There is no magic number, but a practical benchmark is 10 papers and 2 books per prospective major. A 2022 study by the National Bureau of Economic Research (NBER) found that students who engaged in at least 15 hours of self-directed academic reading before declaring a major were 35% less likely to switch within the first two years. This is roughly the equivalent of a weekend of focused reading. You are not aiming for expertise; you are aiming for enough exposure to feel the texture of the field. If after 10 papers you still have no emotional reaction—positive or negative—that itself is a signal.

Q2: I don’t understand the technical language in academic papers. Should I stop reading?

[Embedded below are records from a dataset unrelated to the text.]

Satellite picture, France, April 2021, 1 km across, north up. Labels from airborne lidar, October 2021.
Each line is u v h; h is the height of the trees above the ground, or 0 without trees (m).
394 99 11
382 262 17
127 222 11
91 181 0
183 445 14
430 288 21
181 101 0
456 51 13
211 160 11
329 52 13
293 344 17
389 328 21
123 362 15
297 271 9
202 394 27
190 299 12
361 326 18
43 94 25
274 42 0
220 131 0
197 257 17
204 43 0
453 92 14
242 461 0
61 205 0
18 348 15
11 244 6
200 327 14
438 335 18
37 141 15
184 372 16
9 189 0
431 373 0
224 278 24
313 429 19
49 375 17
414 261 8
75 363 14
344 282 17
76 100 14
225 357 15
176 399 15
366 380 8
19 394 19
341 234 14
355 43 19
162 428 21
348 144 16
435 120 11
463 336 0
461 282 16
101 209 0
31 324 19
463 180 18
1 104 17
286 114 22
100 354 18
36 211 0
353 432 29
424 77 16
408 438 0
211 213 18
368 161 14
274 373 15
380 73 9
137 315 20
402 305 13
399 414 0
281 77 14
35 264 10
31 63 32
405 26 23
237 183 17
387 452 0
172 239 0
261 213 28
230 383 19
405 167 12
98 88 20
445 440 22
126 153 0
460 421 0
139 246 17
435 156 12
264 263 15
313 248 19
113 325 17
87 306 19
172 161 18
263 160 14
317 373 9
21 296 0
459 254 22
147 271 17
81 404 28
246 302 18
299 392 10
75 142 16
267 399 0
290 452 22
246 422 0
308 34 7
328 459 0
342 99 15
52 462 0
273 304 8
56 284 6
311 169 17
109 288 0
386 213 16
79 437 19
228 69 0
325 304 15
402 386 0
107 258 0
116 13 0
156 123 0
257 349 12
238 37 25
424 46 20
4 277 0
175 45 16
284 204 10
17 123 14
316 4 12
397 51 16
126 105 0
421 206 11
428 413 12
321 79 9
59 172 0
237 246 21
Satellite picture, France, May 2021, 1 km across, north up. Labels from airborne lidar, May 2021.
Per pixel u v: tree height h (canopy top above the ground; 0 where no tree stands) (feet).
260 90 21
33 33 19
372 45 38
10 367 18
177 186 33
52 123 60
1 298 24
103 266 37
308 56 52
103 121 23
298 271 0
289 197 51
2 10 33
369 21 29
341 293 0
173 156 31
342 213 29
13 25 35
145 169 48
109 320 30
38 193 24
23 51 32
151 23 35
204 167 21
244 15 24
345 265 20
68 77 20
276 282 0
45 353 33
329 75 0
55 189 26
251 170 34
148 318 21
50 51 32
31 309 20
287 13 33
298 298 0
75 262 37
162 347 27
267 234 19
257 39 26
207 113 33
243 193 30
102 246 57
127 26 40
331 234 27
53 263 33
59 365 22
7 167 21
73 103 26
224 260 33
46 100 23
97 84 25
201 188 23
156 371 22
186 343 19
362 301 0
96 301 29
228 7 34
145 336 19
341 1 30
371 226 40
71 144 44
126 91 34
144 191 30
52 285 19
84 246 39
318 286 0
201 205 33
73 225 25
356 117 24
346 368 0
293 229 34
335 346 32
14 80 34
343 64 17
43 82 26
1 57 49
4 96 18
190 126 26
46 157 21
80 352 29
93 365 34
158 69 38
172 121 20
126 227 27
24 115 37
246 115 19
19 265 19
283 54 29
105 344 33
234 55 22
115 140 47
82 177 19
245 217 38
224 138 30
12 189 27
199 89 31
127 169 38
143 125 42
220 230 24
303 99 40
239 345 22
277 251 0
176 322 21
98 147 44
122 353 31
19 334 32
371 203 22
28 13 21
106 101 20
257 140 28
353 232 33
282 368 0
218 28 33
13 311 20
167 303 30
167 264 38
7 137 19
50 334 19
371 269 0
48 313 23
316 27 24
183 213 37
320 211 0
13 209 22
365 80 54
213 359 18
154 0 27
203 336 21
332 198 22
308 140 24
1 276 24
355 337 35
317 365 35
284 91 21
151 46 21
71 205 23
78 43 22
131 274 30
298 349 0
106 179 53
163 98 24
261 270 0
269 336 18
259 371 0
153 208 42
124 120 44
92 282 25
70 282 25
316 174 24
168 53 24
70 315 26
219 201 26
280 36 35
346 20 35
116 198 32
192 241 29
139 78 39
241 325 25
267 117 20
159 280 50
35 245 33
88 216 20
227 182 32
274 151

No. The goal is not comprehension; it is familiarity and emotional response. A 2020 report from the American Educational Research Association (AERA) found that students who persisted in reading difficult material before they fully understood it developed a 28% higher tolerance for ambiguity—a trait strongly correlated with academic resilience. If you understand 30% of a paper, that is enough to know whether the shape of the thinking appeals to you. The remaining 70% will come with coursework. If you understand nothing and feel frustrated, that is also useful data.

Q3: What if I read papers in a field and find them boring? Does that mean I should rule it out?

Not necessarily. Boredom can mean two different things. First, it might mean the specific paper is poorly written—try another one. Second, it might mean the methodology of the field does not match your cognitive style. For example, you might love the results of climate science papers but find the statistical methods tedious. That does not mean you should abandon the field; it might mean you should pursue a more applied or policy-oriented subfield. A 2023 study by the University of Melbourne found that students who experienced “selective boredom” (bored by one sub-area but not others) were 50% more likely to find a satisfying niche within the same discipline than students who abandoned the field entirely.

References

  • OECD. 2023. Education at a Glance 2023: OECD Indicators. Paris: OECD Publishing.
  • National Center for Education Statistics (NCES). 2022. Beginning College Students Who Change Majors: 2011–2017. U.S. Department of Education.
  • Higher Education Research Institute (HERI). 2021. The American Freshman: National Norms Fall 2021. UCLA.
  • Times Higher Education (THE). 2022. Student Experience Survey 2022: Major Satisfaction and Retention Data.
  • World Bank. 2023. Skills for the Future: Adapting to a Changing Labor Market. Washington, DC: World Bank Group.